I haven't been to Pakistan for some time. But I've always thought there are profound differences. One: India is a stable democracy; Pakistan is a state dominated by the Army. Whatever the nature of the democratic government in power there, the Army is behind the government. Pakistan is a theocratic state; India is not - and I hope it never will be. That's another difference.
And if you look at Pakistan - whether in the east or the west - backward is not the right word: it is less governed, less modernised. It was on the fringes of India rather than in the mainstream of India. So the impact and the institutions that developed in mainstream India were not firmly entrenched in parts of Pakistan. If you look at West Pakistan - Balochistan, North West Frontier Province, etc -they were very thinly governed by the British.
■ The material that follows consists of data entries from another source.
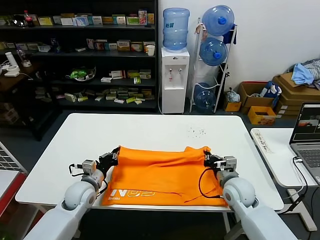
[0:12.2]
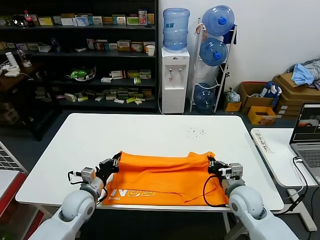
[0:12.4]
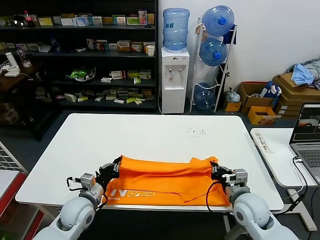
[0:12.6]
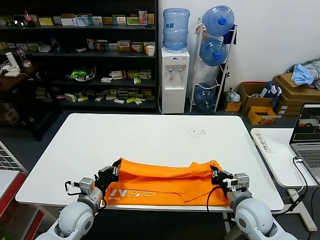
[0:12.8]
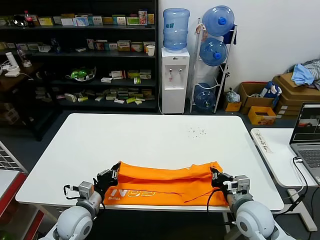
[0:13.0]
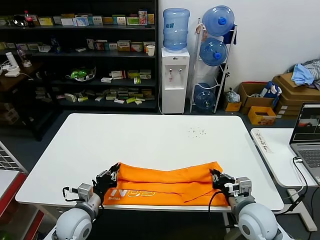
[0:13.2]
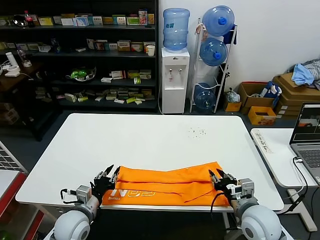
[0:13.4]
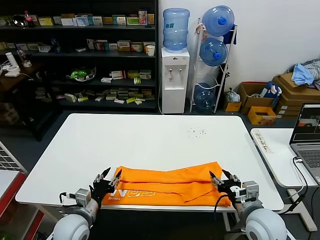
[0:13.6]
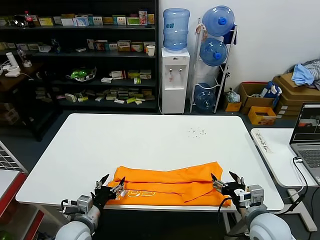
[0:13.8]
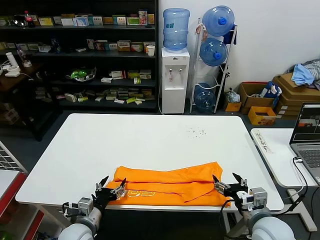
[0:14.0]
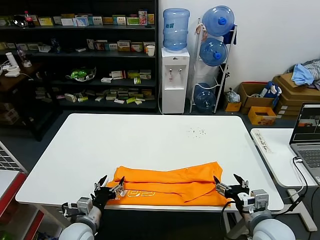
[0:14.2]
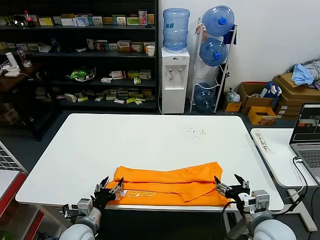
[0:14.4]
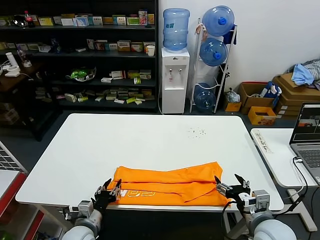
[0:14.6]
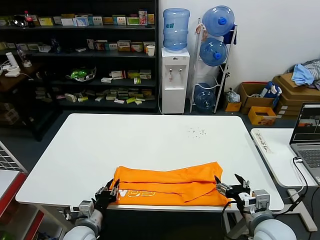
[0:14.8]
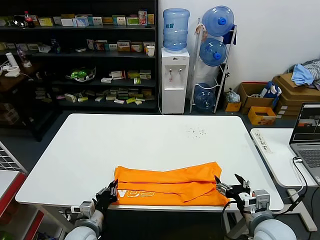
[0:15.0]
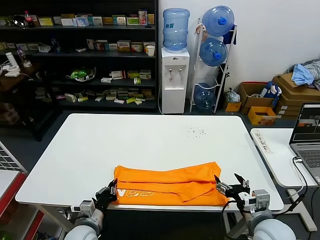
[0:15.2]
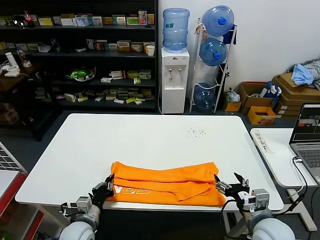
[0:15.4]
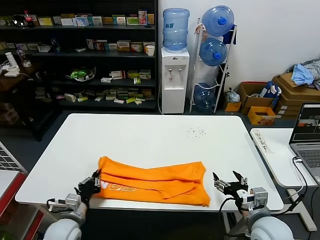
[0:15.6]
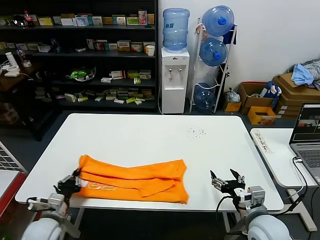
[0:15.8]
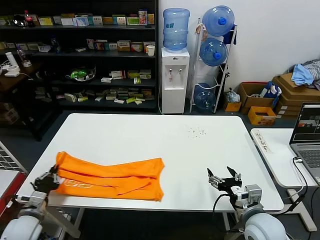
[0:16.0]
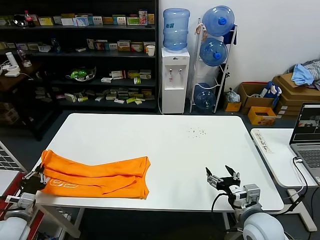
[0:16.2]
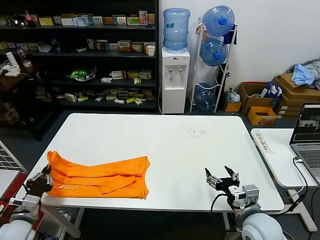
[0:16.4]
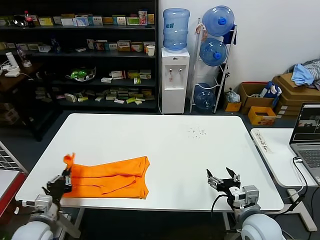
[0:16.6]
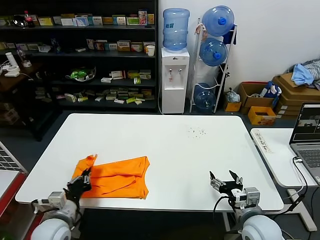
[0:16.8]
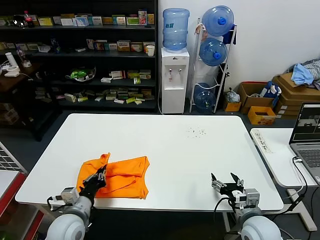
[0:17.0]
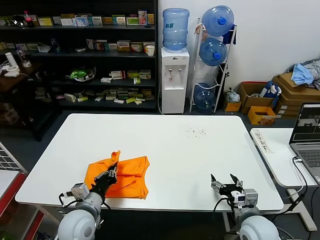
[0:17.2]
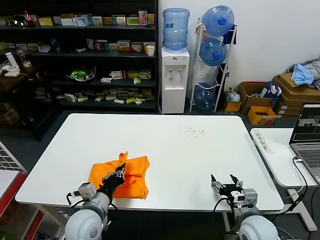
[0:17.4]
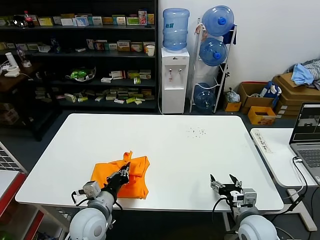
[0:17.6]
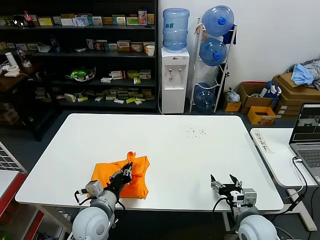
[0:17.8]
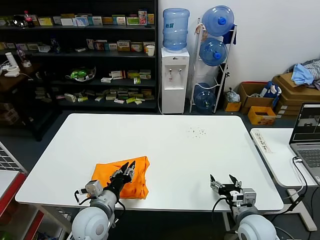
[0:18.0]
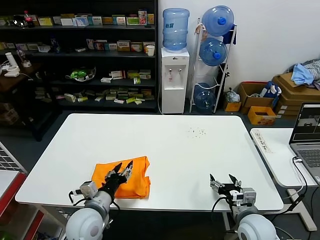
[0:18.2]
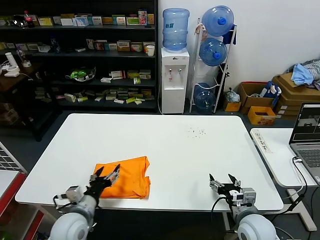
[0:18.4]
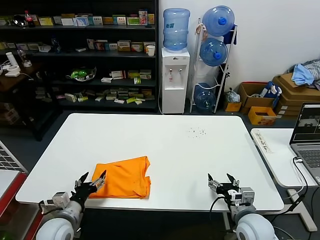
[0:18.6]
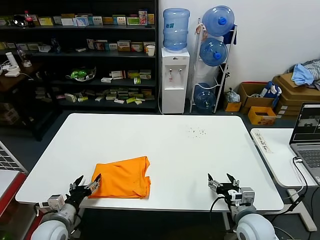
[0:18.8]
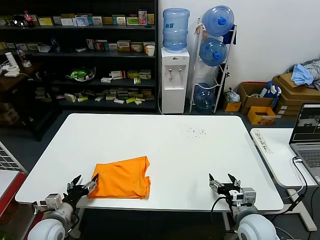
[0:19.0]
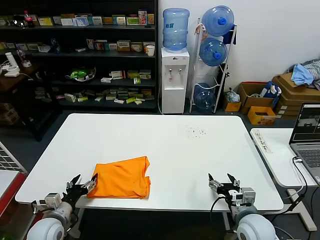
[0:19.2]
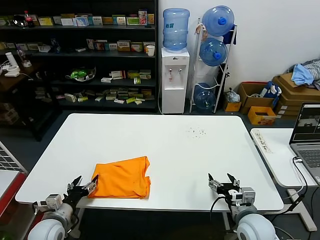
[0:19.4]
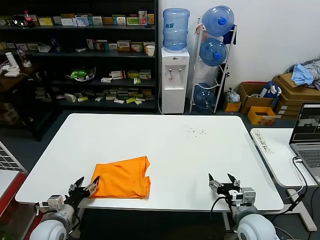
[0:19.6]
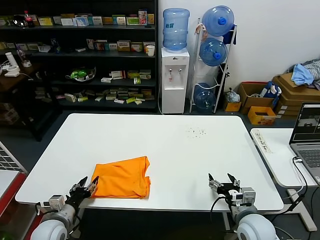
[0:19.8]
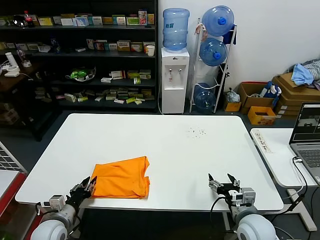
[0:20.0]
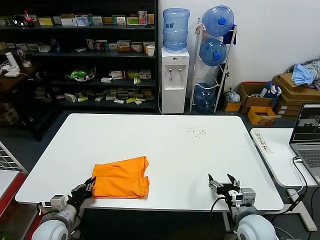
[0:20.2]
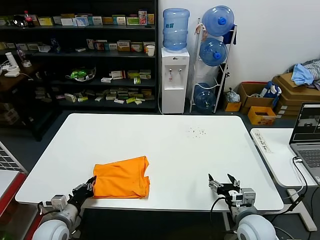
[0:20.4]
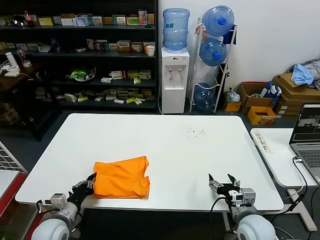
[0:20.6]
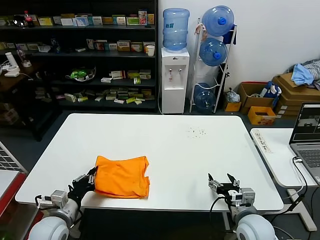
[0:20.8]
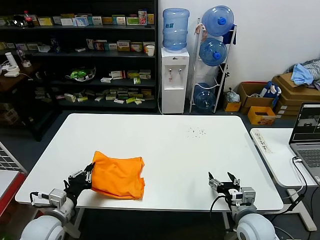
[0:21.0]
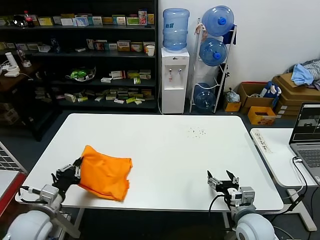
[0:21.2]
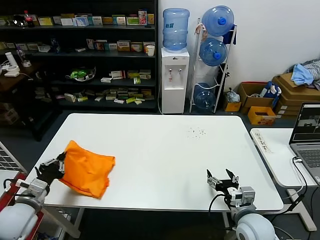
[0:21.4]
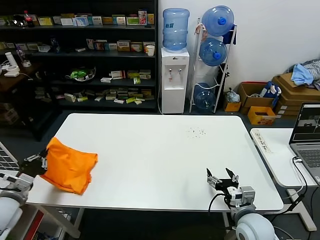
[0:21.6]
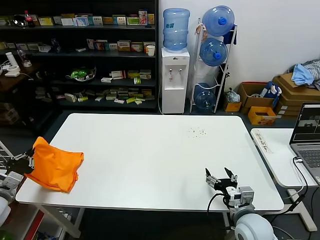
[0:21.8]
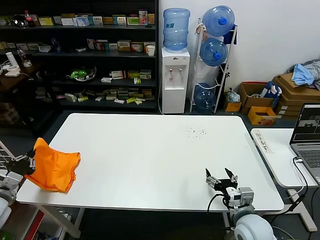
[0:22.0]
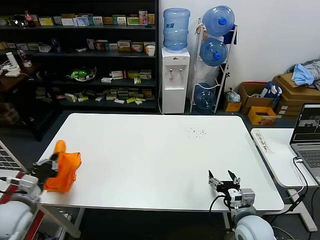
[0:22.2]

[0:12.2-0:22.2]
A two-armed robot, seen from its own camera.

And Bangladesh was basically a sort of garden for Calcutta: the agricultural produce - jute, in particular - came from there. But all the industrialisation took place in Calcutta.
So India is entering its 70th year. What do you perceive is its biggest challenge in the next 70 years?
I do believe that one of the biggest challenges for India is to improve the quality of its governance. The institutions of this country must be revived, reformed and given the autonomy they require to protect them from political interference. And a real effort must be made to revive the esprit de corps for institutions because that is all part of the autonomy. If a collector, for example, is asked to sign some document that he knows is false, then by virtue of esprit de corps, he can go to his superior and make sure he is protected from the consequences of not signing it. I have been told by several IAS officers that if you go to the chief secretary and tell him you are under pressure, most likely he will shrug his shoulders. And many IAS officers refuse to sign these documents. Many of them get transferred. So esprit de corps is very important.
Second, I think it is really important to treasure the secular culture of this country. By this I don't mean the secularism of the Congress, for example. I mean allowing every religion to flourish in the country and doing one's utmost to give everyone the freedom to live their lives the way they want to live them. We are there, we are ahead of everyone else -look around you, there are women wearing the burqa, the hijab… but we must not endanger this by insisting on Hindu majoritarianism. And then India will be a shining example to the rest of the world.